From Fred Rodell's 1939 polemic, Woe Unto You, Lawyers:
I don't mean to pick on The Law. It's important that laws change somewhat slowly, as an overcompensatory mechanism to counter the madness of popular opinion."The Law is the killy-loo bird of the sciences. The killy-loo, of course, was the bird that insisted on flying backward because it didn’t care where it was going but was mightily interested in where it had been. And certainly The Law, when it moves at all, does so by flapping clumsily and uncertainly along, with its eye unswervingly glued on what lies behind."
At the same time, however, isn't it strange? The Law itself eventually does end up conforming to changes in popular opinion, though this transition takes much longer than we would like.
A national consensus often must exist in order for sweeping rulings to occur. There must be "precedent" - ample record of municipal and state courts deciding to rule in a certain direction. Seems like a chicken v. egg situation.
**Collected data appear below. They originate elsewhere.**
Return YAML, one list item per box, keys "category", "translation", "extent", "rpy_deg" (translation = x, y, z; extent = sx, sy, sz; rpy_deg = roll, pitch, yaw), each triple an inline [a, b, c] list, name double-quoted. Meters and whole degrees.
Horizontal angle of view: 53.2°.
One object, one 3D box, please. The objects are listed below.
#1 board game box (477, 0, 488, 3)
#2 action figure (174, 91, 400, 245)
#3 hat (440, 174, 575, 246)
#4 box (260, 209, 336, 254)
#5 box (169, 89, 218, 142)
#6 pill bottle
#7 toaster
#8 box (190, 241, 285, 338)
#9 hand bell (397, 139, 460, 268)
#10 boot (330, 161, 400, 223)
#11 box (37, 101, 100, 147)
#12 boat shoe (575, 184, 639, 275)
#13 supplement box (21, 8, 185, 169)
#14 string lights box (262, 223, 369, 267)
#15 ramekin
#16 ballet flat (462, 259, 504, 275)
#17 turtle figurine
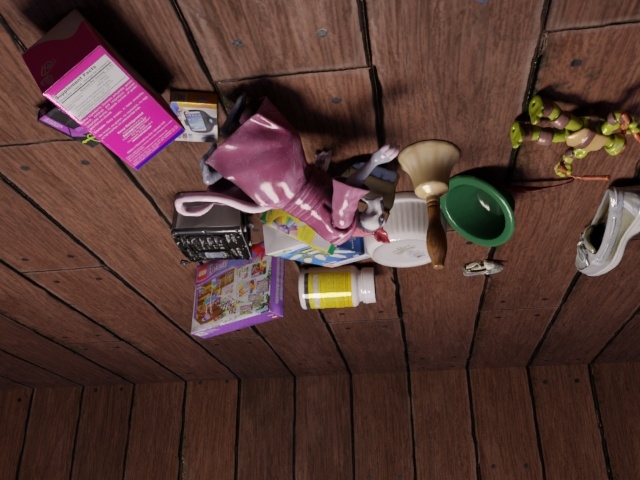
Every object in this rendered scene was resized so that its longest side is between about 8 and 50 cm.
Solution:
- category: "board game box"
  translation: [0.216, -0.386, 0.640]
  extent: [0.042, 0.165, 0.243]
  rpy_deg: [11, 152, -23]
- category: "action figure"
  translation: [-0.031, -0.084, 1.137]
  extent: [0.370, 0.276, 0.248]
  rpy_deg: [35, 165, -9]
- category: "hat"
  translation: [0.398, -0.101, 1.413]
  extent: [0.208, 0.183, 0.173]
  rpy_deg: [39, 146, 16]
- category: "box"
  translation: [-0.034, -0.051, 1.350]
  extent: [0.179, 0.105, 0.043]
  rpy_deg: [26, -179, 21]
- category: "box"
  translation: [-0.225, -0.217, 1.154]
  extent: [0.081, 0.028, 0.136]
  rpy_deg: [2, 153, -6]
- category: "pill bottle"
  translation: [0.049, 0.129, 1.787]
  extent: [0.208, 0.119, 0.119]
  rpy_deg: [-3, 155, 7]
- category: "toaster"
  translation: [-0.250, -0.025, 1.462]
  extent: [0.185, 0.110, 0.168]
  rpy_deg: [-2, 154, 3]
- category: "box"
  translation: [-0.219, 0.131, 1.690]
  extent: [0.293, 0.201, 0.057]
  rpy_deg: [-19, 149, 35]
- category: "hand bell"
  translation: [0.219, -0.060, 1.243]
  extent: [0.126, 0.242, 0.126]
  rpy_deg: [0, 155, 0]
- category: "boot"
  translation: [0.057, -0.126, 1.318]
  extent: [0.219, 0.106, 0.082]
  rpy_deg: [25, -177, 6]
- category: "box"
  translation: [-0.403, -0.226, 1.129]
  extent: [0.162, 0.029, 0.116]
  rpy_deg: [-21, 148, 33]
- category: "boat shoe"
  translation: [0.661, -0.022, 1.493]
  extent: [0.103, 0.118, 0.320]
  rpy_deg: [6, 151, 1]
- category: "supplement box"
  translation: [-0.328, -0.226, 0.990]
  extent: [0.114, 0.111, 0.220]
  rpy_deg: [-39, 147, 1]
- category: "string lights box"
  translation: [0.000, 0.000, 1.505]
  extent: [0.133, 0.077, 0.259]
  rpy_deg: [-17, 162, 33]
- category: "ramekin"
  translation: [0.197, -0.018, 1.489]
  extent: [0.207, 0.109, 0.207]
  rpy_deg: [-1, 154, 0]
- category: "ballet flat"
  translation: [0.450, 0.074, 1.775]
  extent: [0.114, 0.041, 0.041]
  rpy_deg: [-11, 153, 19]
- category: "turtle figurine"
  translation: [0.469, -0.198, 1.138]
  extent: [0.217, 0.087, 0.269]
  rpy_deg: [13, 161, -10]
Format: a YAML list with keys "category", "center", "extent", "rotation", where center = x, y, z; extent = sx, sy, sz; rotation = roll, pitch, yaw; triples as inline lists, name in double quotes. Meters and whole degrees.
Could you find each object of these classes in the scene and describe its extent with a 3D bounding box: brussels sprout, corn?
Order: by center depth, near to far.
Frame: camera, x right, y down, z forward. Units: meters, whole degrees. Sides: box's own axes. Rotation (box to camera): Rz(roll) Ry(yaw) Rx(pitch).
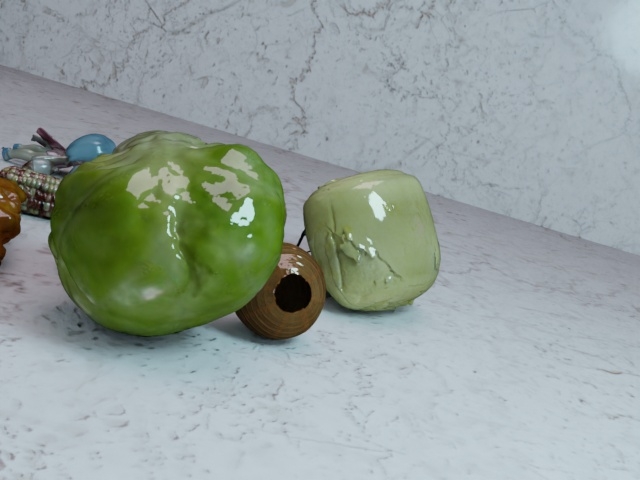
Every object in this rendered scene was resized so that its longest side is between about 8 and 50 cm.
- category: "brussels sprout"
  center: [-0.197, -0.016, 0.983]
  extent: [0.317, 0.274, 0.242]
  rotation: [28, -23, 40]
- category: "corn"
  center: [-0.446, -0.071, 1.389]
  extent: [0.237, 0.079, 0.079]
  rotation: [13, 12, -11]

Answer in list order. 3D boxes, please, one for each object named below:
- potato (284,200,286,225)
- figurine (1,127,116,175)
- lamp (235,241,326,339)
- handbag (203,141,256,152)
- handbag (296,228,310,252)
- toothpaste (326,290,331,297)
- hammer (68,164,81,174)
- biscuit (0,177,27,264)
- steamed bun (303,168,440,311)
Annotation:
- category: "potato"
  center: [-0.180, -0.057, 1.497]
  extent: [0.203, 0.178, 0.158]
  rotation: [-11, 2, -16]
- category: "figurine"
  center: [-0.567, -0.186, 1.701]
  extent: [0.260, 0.103, 0.205]
  rotation: [8, 9, 13]
- category: "lamp"
  center: [-0.058, 0.069, 1.095]
  extent: [0.136, 0.136, 0.136]
  rotation: [14, 12, -3]
- category: "handbag"
  center: [-0.173, -0.052, 1.321]
  extent: [0.135, 0.146, 0.225]
  rotation: [10, 55, -22]
- category: "handbag"
  center: [0.000, 0.000, 1.490]
  extent: [0.072, 0.139, 0.115]
  rotation: [57, 18, 23]
- category: "toothpaste"
  center: [0.082, 0.042, 1.466]
  extent: [0.282, 0.068, 0.099]
  rotation: [1, 52, -55]
- category: "hammer"
  center: [-0.420, -0.087, 1.531]
  extent: [0.116, 0.069, 0.194]
  rotation: [9, 19, -32]
- category: "biscuit"
  center: [-0.565, -0.086, 1.082]
  extent: [0.318, 0.110, 0.312]
  rotation: [34, 6, -26]
- category: "steamed bun"
  center: [0.111, -0.002, 1.344]
  extent: [0.166, 0.232, 0.273]
  rotation: [-28, -17, 38]
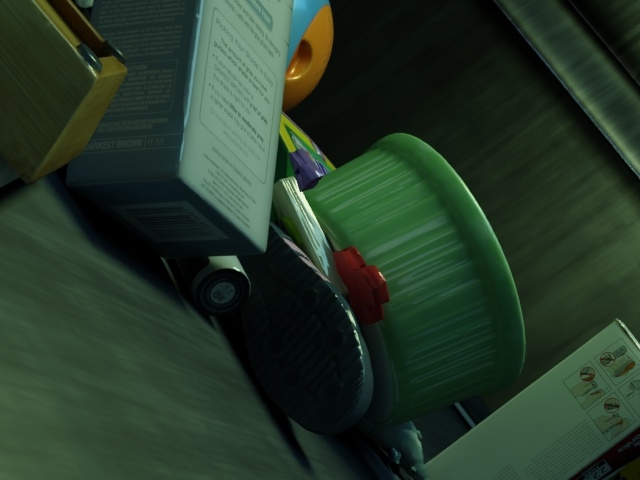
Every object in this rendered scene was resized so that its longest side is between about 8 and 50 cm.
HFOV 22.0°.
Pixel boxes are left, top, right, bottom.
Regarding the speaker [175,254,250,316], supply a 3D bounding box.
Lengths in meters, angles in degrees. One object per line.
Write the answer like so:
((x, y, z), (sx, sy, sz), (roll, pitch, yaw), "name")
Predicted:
((-0.111, 0.013, 1.563), (0.055, 0.055, 0.136), (48, 7, -37), "speaker")

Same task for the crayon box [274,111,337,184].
((0.000, 0.000, 2.233), (0.313, 0.106, 0.363), (64, 10, 28), "crayon box")

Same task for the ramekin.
((0.074, 0.051, 1.765), (0.303, 0.148, 0.303), (54, -22, 33), "ramekin")

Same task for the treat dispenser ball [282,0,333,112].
((-0.124, -0.316, 2.465), (0.288, 0.288, 0.288), (51, 5, -6), "treat dispenser ball")

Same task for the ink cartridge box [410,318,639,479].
((0.302, 0.271, 1.998), (0.130, 0.309, 0.272), (55, 6, 29), "ink cartridge box")

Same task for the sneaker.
((-0.018, 0.082, 1.588), (0.131, 0.112, 0.319), (47, 7, -45), "sneaker")

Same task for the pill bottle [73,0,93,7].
((-0.344, -0.418, 2.259), (0.184, 0.103, 0.103), (52, 5, 5), "pill bottle")

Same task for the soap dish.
((-0.264, -0.179, 1.181), (0.291, 0.118, 0.229), (50, 5, -5), "soap dish")

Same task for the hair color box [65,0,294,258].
((-0.115, -0.190, 1.494), (0.185, 0.113, 0.374), (44, 48, -60), "hair color box")

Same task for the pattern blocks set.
((-0.025, 0.017, 1.715), (0.285, 0.026, 0.325), (60, -19, 18), "pattern blocks set")

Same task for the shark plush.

Black folk in America didn't have their rights as US citizens fully protected until the 1960s (though arguably these rights are still not being protected). The LGBTQ community only recently secured their right to marry the love of their life.
I'm sorry, but how can we congratulate our legal system for doing what should have happened long ago? If our society is founded upon the ideal that "all men are created equal," then doesn't it follow that discriminatory rulings shouldn't take centuries to overturn?
Application to "Big Data"
In a broader sense, the Law is very similar to the business world, in which unimaginative decision-makers cower behind data. Most data, just like the Law, is a lagging indicator. What does that mean? That the data points you're looking at to steer your ship describe the past. If you make decisions based on these lagging indicators, you are making the horrible assumption that the future will look, and should look, like the past. (To be fair, in many cases, this is true).
Some data, just like some legal principles and decisions, are leading indicators. They point to what ought to be and what will be. But to discover these leading indicators requires a very deep understanding of (in law) the meaning of unalienable and (in business) the meaning of innovation.